If we have a big vision, we need to take big steps. We need to follow through. We need to be who we are meant to be. and we don’t come into this world knowing how to fly—we just know that we can fly. So the real key is this: We have to take the little steps that lead us to the point where we know when we spread our wings we will soar, we will carry our own weight on the wind and we can direct our own course. The vision we have sets the tone for our actions and we can sit there and get overwhelmed with the millions of little steps we must take to achieve those goals—or we can simply take one step. Because sitting there thinking of all we have to do, worrying about the weight of what we have to do, gets nothing done. taking that first step, while only a step, is what brings us closer to flying. Once we know and develop the strength in our wings, that will carry us as far as we want to go.

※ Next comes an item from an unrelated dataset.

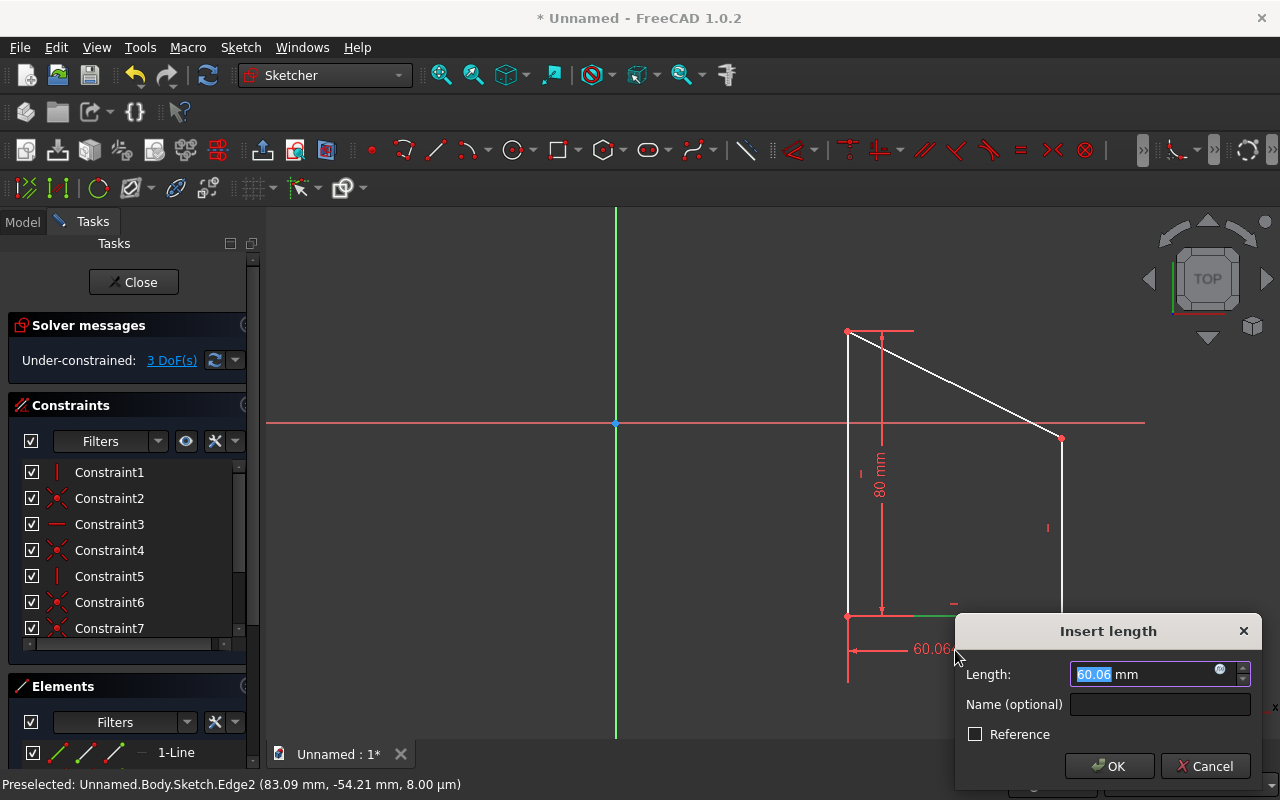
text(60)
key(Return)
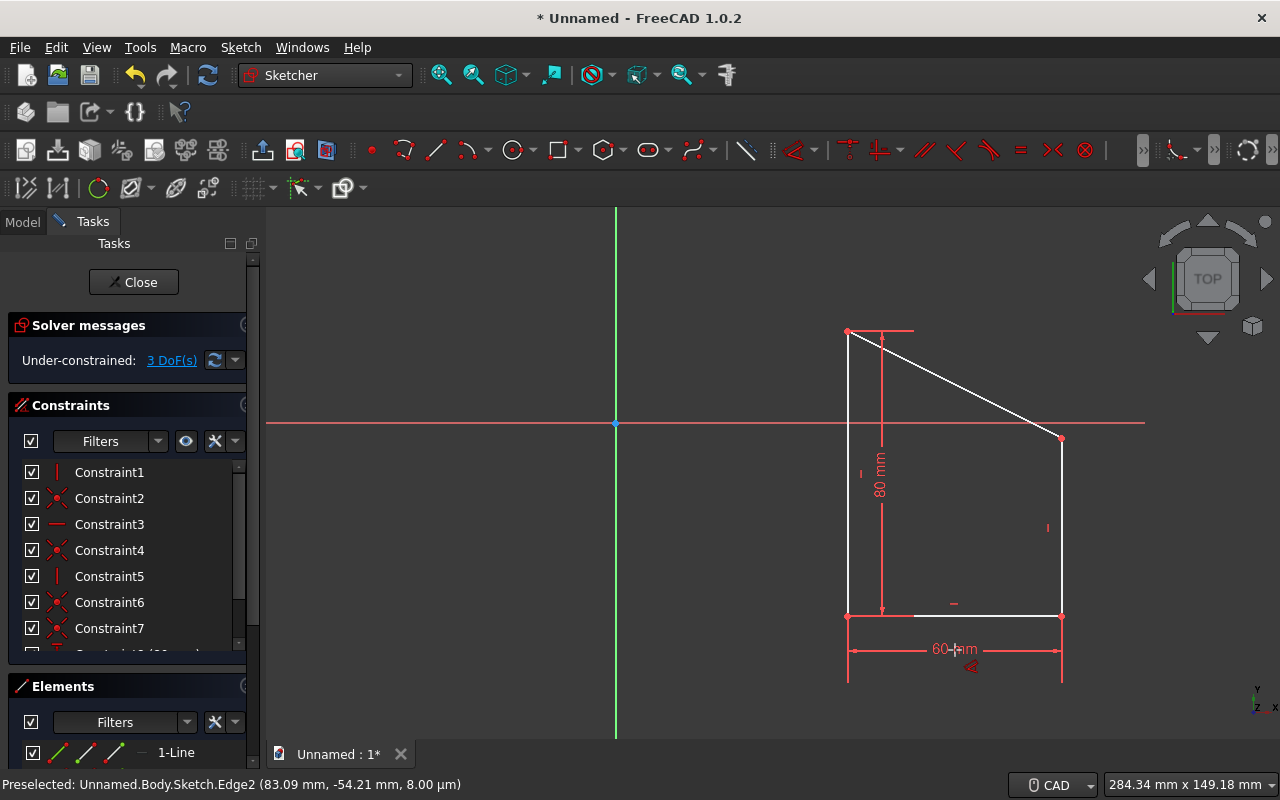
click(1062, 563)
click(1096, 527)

Photo by Tuu011fu00e7e Au00e7u0131kyu00fcrek on Pexels.com
“We choose Love or we choose fear—we can not serve two masters,” Don Miguel Ruiz. I ended last week talking about not being able to advance our dreams when we work on someone else’s and this is a pattern that follows: The most basic reminder that the energy we put out is what we receive so if we are extending confusion by living in a state of fear while trying to express love, the universe doesn’t know what frequency to pick up on. It doesn’t know what to express back to us because we aren’t clear on what we are sending out. I spent my life discussing my fears—I fixated on them, praying please don’t let X happen and I would get so angry when that exact thing happened, not understanding that it was on me. The universe doesn’t understand the nuance of “don’t” in the context of us attempting to block/avoid a specific thing. All it understands is we are focusing on a specific thing, and THAT it can pick up on.
When we choose the emotional state to operate from, we are choosing what we send out and receive back. From that logic alone why would we choose to live in anything but an elevated state of love? If we knew we would receive pain, why would we ask for pain? So if we know we will receive fear and have to live in that state, why would we put out fear? Love can be confusing because we assume there are contingencies attached. But the truth is love is unconditional. When we put conditions on things, that is when we create fear because if we don’t do X, we won’t get Y-and that fear of loss becomes the motivator. When we choose love, we accept what is, we understand abundance and reciprocity.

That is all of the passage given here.